14-го числа ввечеру я слышал, что песельники во 2-й роте пели после работы и, желая успокоить нижних чинов, при том зная, что таковые веселия не бывают без дурных последствий (потому что офицеры перепьются) я оставил их веселиться до 10 часов вечера, а в 10 часов велел адъютанту написать к ротному командиру поручику Житинскому записку, коею приказывал ему отпустить песельников, во уважение трудов ими переносимых в течение дня и предстоящих на другой день. Записка, заставшая офицеров пьяными, была сожжена, и приказано петь громче. Вслед за сим я послал адъютанта с приказанием принести ко мне шпагу поручика, а ему приказать идти на гауптвахту. И сие не было исполнено, а песельников, перестававших петь, стали бить. Я пошел сам уже после полночи и ударил сбор. Ротный командир вышел перед ротою пьяный. Я арестовал его, а как он медлил идти на гауптвахту, я велел его силою оттащить туда, а сегодня отдаю приказ по полку, коим предписываю ему удалиться из полка, выставя все его поведение перед офицерами и всем полком. Вот последствия мер снисхождения, мною взятых с недавнего времени.

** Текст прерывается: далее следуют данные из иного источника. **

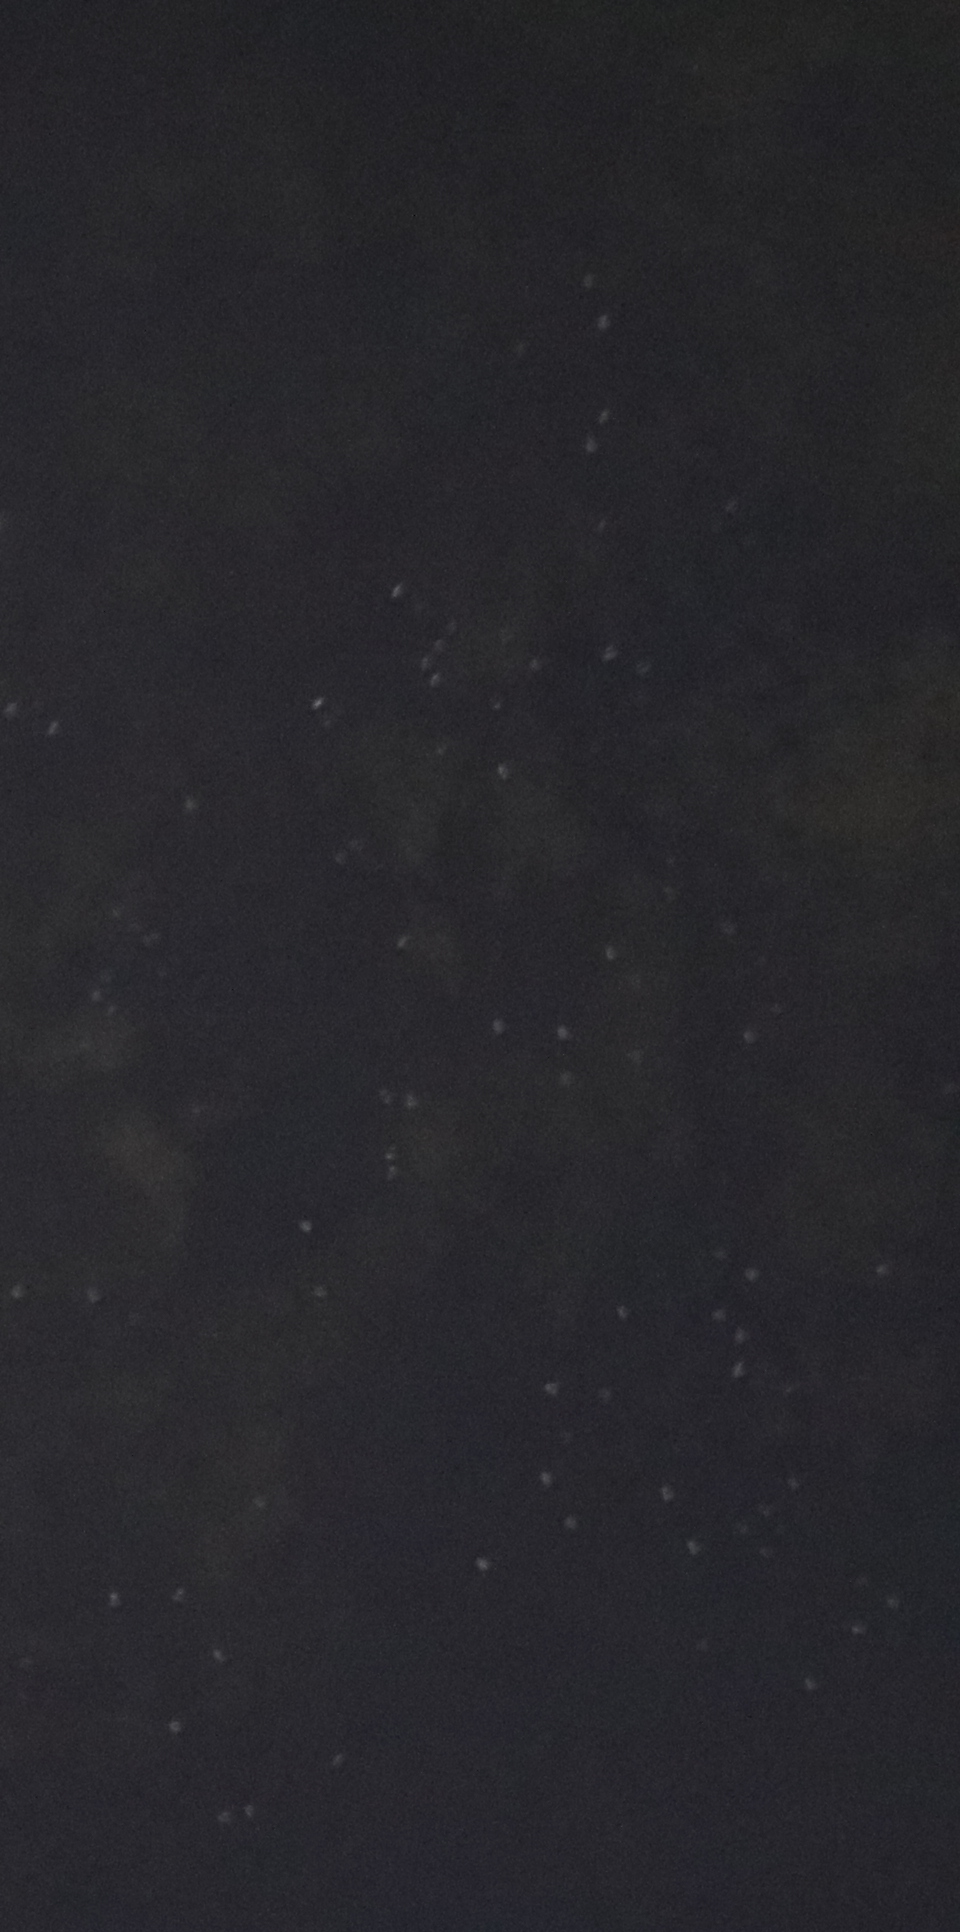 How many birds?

75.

21. Вчера я простил Житинского, по просьбе Антонова. Призвав его ввечеру к себе, я ему сделал наставление при всех собравшихся офицерах; после того, отдав ему шпагу, прочел приказ написанный мною по сему случаю, но еще не отданный по полку и коим я ему предписывал удалиться из полка, изорвал его и простил, видя искреннее раскаяние его, но вместе с тем заметил прапорщику Яновскому в том, что он бил песельников, дабы заставить их петь, что он поступил не как добрый товарищ, будучи сам виновен: видя, что ротный командир его под наказанием, не пришел сам ко мне и не признался в своей вине, прося взыскания или прощения.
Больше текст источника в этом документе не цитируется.